Hey boc123, could you give me some more info on the course. Where is it and who do I contact for the July course? I'd like to go. Need an update for sure. Thanx.


----------



## RIORESIDENT (Feb 12, 2006)

BOC123, what is the small class size? what is the large class size? what instructor to participant ratio? at 239.00, im also curios as to the duration. ACA? 1 day? 2 day? ESWR? SWR?ASWR?

239.00?

Im in the wrong buisness..............

i hope i have had a bad day, or something. but i am super un-impressed. at profit VS.saftey. 
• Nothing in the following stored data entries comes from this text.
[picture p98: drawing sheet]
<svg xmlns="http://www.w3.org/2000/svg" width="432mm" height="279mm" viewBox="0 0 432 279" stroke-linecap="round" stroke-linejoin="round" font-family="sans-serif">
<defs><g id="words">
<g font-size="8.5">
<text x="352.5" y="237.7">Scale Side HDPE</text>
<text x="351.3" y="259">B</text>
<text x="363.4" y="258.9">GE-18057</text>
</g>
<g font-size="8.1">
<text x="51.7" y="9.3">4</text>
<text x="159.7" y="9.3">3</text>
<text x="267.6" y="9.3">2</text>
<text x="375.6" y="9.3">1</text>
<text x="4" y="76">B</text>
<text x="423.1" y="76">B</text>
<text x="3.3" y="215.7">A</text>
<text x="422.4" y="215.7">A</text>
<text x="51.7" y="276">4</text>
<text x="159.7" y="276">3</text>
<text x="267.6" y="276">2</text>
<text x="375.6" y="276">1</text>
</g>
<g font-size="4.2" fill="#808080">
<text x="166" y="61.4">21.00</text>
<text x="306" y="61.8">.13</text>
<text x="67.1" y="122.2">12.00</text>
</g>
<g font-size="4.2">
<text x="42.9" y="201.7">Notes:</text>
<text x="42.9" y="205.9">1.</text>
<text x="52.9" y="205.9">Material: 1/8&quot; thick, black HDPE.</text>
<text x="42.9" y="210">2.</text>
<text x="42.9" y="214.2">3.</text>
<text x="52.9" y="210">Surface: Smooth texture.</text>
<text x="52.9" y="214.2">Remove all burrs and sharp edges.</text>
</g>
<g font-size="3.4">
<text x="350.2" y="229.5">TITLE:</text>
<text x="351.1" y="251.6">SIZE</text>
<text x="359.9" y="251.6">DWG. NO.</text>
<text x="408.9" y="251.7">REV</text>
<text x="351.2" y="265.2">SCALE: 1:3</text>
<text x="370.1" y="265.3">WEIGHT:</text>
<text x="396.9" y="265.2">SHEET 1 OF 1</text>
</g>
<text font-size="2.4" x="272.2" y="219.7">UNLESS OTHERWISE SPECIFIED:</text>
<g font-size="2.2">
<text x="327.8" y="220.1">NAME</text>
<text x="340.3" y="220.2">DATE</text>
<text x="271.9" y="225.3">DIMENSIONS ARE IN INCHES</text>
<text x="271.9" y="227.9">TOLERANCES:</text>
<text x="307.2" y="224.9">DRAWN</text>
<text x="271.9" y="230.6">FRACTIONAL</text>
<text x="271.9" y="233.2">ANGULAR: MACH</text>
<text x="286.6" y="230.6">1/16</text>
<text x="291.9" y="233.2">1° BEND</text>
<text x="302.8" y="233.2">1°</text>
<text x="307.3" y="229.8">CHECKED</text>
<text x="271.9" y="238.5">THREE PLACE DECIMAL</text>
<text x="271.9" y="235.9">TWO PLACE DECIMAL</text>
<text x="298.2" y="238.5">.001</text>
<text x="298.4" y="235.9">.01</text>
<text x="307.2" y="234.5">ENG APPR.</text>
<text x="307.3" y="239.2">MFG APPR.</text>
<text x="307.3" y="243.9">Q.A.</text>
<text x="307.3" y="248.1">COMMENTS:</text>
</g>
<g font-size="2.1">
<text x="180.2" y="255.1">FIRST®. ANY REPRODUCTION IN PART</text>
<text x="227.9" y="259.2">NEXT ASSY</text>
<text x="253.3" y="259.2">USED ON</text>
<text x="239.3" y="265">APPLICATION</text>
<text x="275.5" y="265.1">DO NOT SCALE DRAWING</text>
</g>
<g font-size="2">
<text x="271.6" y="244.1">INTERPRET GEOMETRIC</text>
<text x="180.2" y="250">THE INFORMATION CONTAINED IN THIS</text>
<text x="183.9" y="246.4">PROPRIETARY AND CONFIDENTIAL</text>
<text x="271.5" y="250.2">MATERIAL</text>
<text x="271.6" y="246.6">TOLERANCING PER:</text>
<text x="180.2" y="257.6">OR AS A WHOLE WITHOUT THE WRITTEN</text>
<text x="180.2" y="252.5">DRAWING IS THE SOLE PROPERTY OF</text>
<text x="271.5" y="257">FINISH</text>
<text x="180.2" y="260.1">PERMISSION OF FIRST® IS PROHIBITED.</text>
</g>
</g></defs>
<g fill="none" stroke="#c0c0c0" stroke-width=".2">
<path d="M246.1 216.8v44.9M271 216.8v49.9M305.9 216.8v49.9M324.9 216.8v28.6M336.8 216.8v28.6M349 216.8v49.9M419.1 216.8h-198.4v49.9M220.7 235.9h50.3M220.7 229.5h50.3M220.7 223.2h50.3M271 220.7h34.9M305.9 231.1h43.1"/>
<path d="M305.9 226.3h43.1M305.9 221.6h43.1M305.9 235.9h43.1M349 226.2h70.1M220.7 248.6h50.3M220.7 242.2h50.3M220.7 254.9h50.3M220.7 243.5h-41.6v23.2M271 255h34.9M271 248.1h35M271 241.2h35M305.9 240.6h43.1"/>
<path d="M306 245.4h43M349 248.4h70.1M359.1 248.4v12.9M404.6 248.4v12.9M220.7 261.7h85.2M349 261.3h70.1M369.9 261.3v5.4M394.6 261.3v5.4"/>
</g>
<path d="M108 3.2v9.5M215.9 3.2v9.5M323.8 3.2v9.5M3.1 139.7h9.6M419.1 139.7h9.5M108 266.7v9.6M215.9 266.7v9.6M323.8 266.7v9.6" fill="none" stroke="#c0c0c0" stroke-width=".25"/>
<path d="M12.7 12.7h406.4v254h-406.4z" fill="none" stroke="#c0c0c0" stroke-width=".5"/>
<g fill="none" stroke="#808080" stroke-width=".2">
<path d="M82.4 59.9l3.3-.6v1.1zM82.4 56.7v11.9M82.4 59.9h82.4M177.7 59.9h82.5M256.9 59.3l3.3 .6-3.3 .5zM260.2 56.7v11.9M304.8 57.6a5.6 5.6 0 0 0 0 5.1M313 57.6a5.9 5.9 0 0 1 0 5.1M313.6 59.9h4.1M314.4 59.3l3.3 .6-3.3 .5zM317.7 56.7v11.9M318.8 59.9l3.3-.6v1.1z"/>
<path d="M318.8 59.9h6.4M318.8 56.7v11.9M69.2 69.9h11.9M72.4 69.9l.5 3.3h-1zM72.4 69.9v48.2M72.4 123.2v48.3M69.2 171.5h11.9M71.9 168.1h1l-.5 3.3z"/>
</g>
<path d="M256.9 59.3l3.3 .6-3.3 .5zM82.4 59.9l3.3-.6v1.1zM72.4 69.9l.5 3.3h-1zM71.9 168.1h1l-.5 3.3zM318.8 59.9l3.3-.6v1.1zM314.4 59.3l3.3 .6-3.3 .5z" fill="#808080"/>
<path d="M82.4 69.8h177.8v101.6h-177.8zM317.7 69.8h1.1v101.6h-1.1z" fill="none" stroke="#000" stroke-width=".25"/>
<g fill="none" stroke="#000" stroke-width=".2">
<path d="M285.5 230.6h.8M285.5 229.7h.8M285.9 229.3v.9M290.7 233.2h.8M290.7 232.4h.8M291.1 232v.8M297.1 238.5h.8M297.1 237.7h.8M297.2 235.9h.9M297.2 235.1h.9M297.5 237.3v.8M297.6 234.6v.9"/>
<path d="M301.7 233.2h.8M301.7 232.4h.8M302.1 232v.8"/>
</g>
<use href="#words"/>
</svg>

i've been teaching for years, and its just enough to get back home, and by a sixer of PBR.

best of luck bro.......

hey man, your tethers showing....


----------



## millerlukec (Apr 23, 2006)

*More info?*

do you have more information on this course such as location, times, etc..thanks


----------



## thedude1683 (May 1, 2005)

Go to www.BOC123.com for more info on the trips. They are often held in Glenwood Springs area and in front range dependent on flow levels.


----------



## ttuff (Jul 2, 2004)

I am the head instructor for this class. The curriculum is ACA with most of the emphasis on kayaking but easily adapted for rafters. The class is two days for everyone and an additional two days for those who want to teach swiftwater rescue. Day one is primarily hard skill development (swimming, roping, rigging, etc.). Day two is soft skill development (decision making and scenario management). As for minimum and maximum class size, it depends. Generally, all of our classes have a maximun of six students per instructor. For this class, however, we sometimes go bigger if people are signed up for the instructor class because the prospective instructors can assist with the general class. I have never pushed this exception to more than ten so you are still getting quality instuctor exposure. An added bonus is that we feed you a sweet lunch both days. 
I am very proud of this class and obvously think you should take it. However, the skills are important enough that you should take a class somewhere, even if you can't fit with our schedule.
Cheer,
Ty


----------